- Born: 25 May 1954 Rio de Janeiro, Brazil
- Died: 28 July 1996 (aged 42) Rome, Italy
- Occupation(s): Lyricist Producer

= Gaio Chiocchio =

Italian composer and singer-songwriter

Gaio Chiocchio (25 May 1954 – 28 July 1996) was a Brazilian-born Italian lyricist, record producer, composer, and singer-songwriter.

==Life and career ==
Born in Rio de Janeiro, Chiocchio was the nephew of the musicians and composers Oscar and Umberto Chiocchio. In 1974 he started his professional career co-founding the progressive band Pierrot Lunaire, where he served as composer, vocalist, guitarist and sitarist. After the group disbanded, Chiocchio became producer and artistic director of the record company IT, and collaborated with the label Una sors coniunxit.

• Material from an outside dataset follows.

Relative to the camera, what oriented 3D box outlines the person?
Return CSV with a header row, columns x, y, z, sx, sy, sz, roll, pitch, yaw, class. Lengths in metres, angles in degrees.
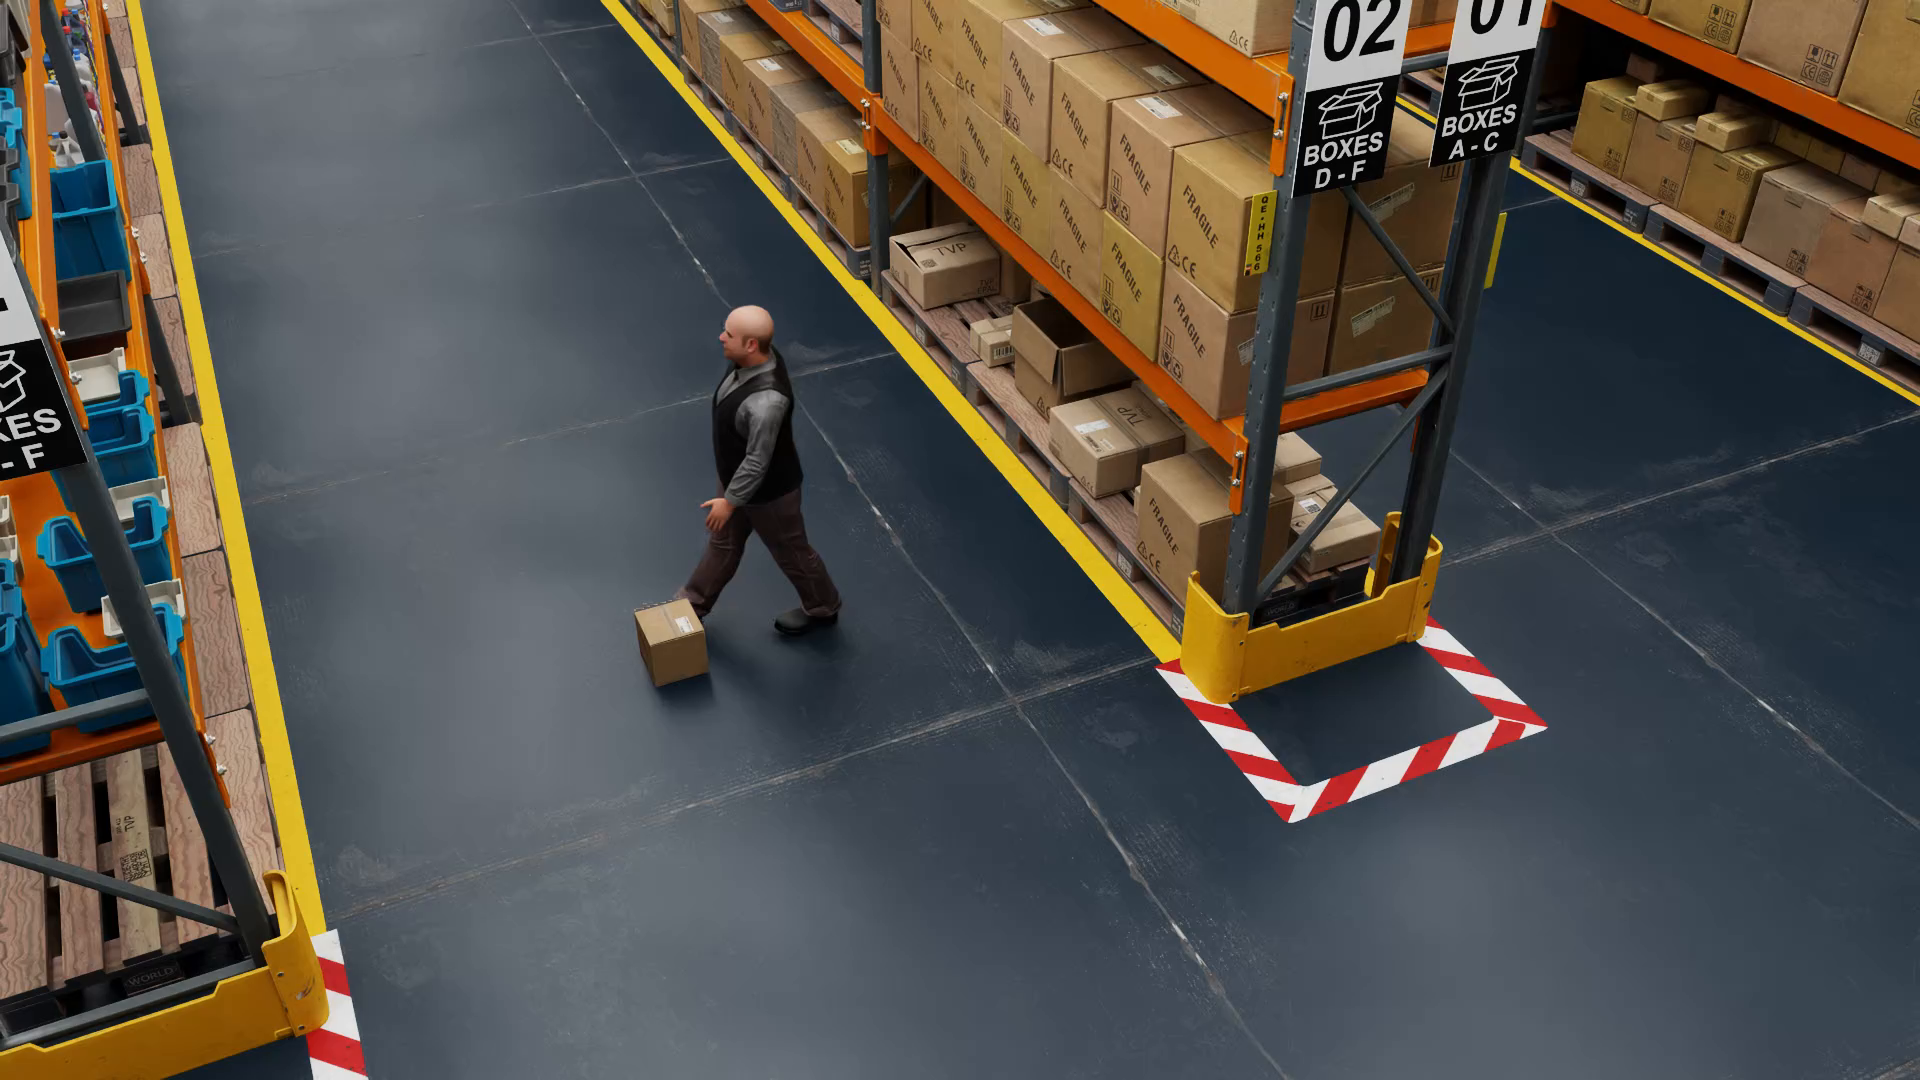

In 1980, Chiocchio released his first solo work as singer-songwriter, the EP Londra, which was followed by the single "Piccolo fuso" and by a tour with Mario Castelnuovo, Marco Ferradini and Goran Kuzminac. In 1981, he started a 6 years-collaboration as a lyricist with Amedeo Minghi. Their songs of the time, notably "1950", received large critical acclaim. Since 1987, he collaborated with other artists, including Riccardo Cocciante and Paola Turci.

In 1989 Chiocchio collaborated with a multimedia project, Il Poliedro di Leonardo, which was screened as a Special Event at the 46th Venice International Film Festival. He died of heart failure on 28 July 1996, aged 42 years old.